Hi! We’ve been talking about complementarianism lately. It’s gotten me thinking about various run-ins I’ve had in the past with men who followed this purely-toxic ideology. Today, I want to show you a doozy: a Christian guy who lost his top because I didn’t change my last name after marrying Mr. Captain. Along the way, we’ll travel down Memory Lane, look at some statistics, and talk about why complementarians hate this trend about as much as they hate no-fault divorce. Hop on in to the Wayback Machine!
A Beautiful Night For Important Questions.
Set your Wayback Machine for a bit over ten years ago. Mr. Captain and I had been together for years even by then. Oh sure, we had already talked about marriage. It was always part of our long-term plan. But we both had stuff we had to sort out first. Since we’d both been down the aisle before, neither of us felt any overwhelming need to rush. (See endnote for how my work friends reacted to this perceived delay.)
One beautiful early-summer evening, we went for a long walk through our favorite park. At night, this place became downright magical–awash in hidden beauty and arcane wildness. The creek running along our favorite footpath burbled contentedly in the near-darkness. Underneath the quiet loomed a bursting-to-speak sense of fey anticipation.
Just a few minutes into the walk, he stopped us. The question he asked was as loving, passionate, and respectful as Mr. Captain himself is. Obviously, I said yes to it.
A few happy minutes later, we continued along our way.
And a few minutes after that, I stopped us again.
I had a question for him too, you see.
Navigating Choppy Waters.
I didn’t even know how to begin asking it, however. What I wanted to say was bound up in my still-painful fundagelical indoctrination, my still-lurking fear of offending any man’s fragile ego, and my desire to behave in a loving and kind way despite the unexpected anger my own question had stirred up in me.

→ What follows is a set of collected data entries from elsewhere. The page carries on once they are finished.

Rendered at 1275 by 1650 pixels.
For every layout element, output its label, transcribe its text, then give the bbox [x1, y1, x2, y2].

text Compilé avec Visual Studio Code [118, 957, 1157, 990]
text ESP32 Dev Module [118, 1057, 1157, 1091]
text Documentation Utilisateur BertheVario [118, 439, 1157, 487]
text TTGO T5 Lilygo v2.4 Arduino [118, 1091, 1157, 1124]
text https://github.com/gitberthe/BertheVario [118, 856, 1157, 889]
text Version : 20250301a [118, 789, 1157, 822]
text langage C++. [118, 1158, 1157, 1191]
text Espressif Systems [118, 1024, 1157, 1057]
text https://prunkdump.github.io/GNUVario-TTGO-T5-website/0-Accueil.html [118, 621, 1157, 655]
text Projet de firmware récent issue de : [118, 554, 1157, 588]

Mr. Captain had never tangled with fundagelical culture. He had no idea what was going through my mind right then.
In my old culture, brides almost universally change their last names to that of their grooms. So when I got married to Biff, I changed my last name to his. It was a huge hassle, too. Biff mocked me regularly when he saw me filling out YET. ANOTHER. GODDAMNED. FORM to snail mail to YET. ANOTHER. GODDAMNED. COMPANY to change their records, all while he goofed off and played video games in the background. He thought it was hilarious that women had to go through all that extra fuss. (See endnote.)

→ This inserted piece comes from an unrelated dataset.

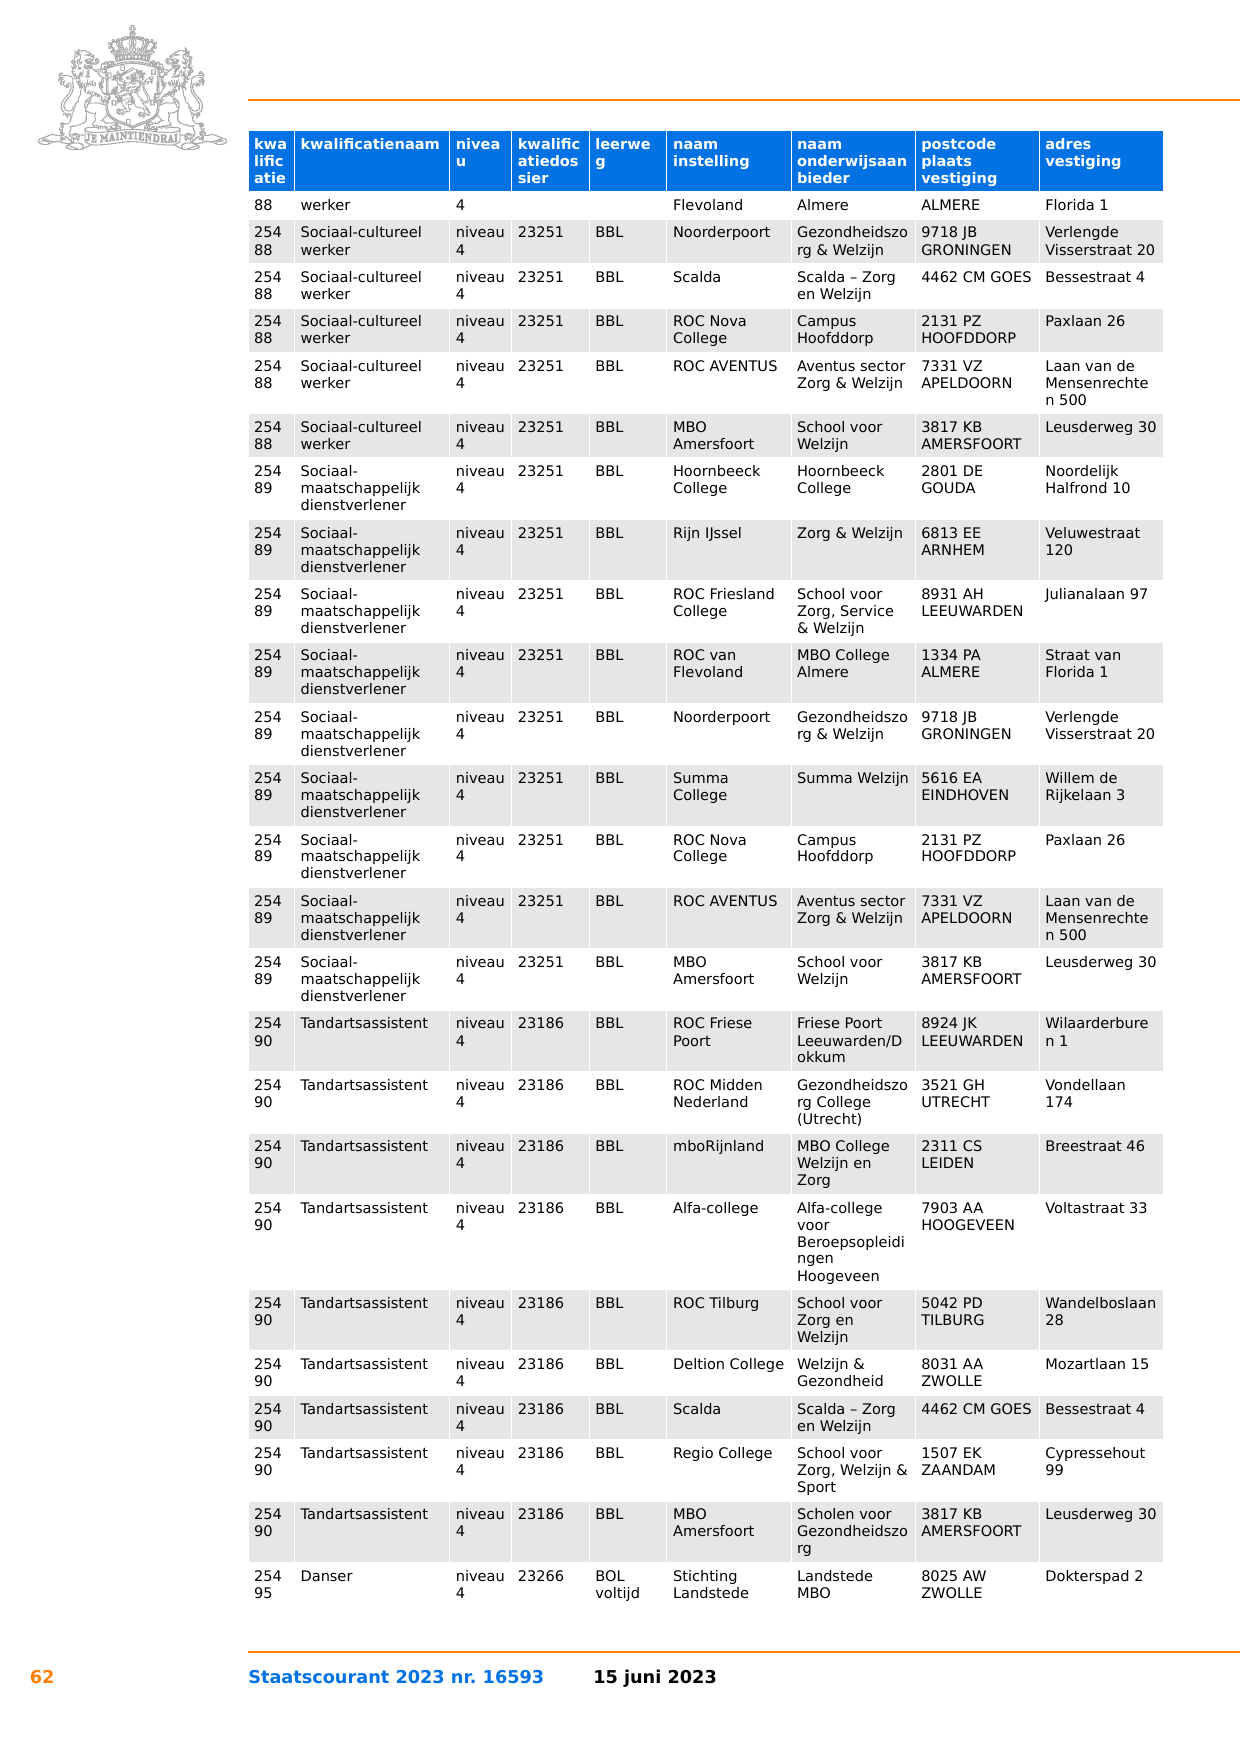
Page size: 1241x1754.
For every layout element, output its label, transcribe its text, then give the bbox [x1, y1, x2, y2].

When he felt like I wasn’t moving quickly enough to finish all that paperwork, however, he got touchy and petulant and started huge fights over ridiculous things. He saw the entire project as a performative show of what fundagelical men mistakenly think represents “respect.” When I didn’t perform those tasks adequately (in his eyes), I was not only being “disrespectful” but also offering up a vote of no confidence in our marriage itself and even making a direct stab at him as a human being and at his entire extended family.
See: Dierks Bentley, “My Last Name” (2003)
Pretty much everyone in that entire end of the religion back then felt exactly the same way.
Enough Red Flags For A Communist Parade.
Even today, the very most toxic Christian leaders clutch their pearls over the idea of women not taking this step.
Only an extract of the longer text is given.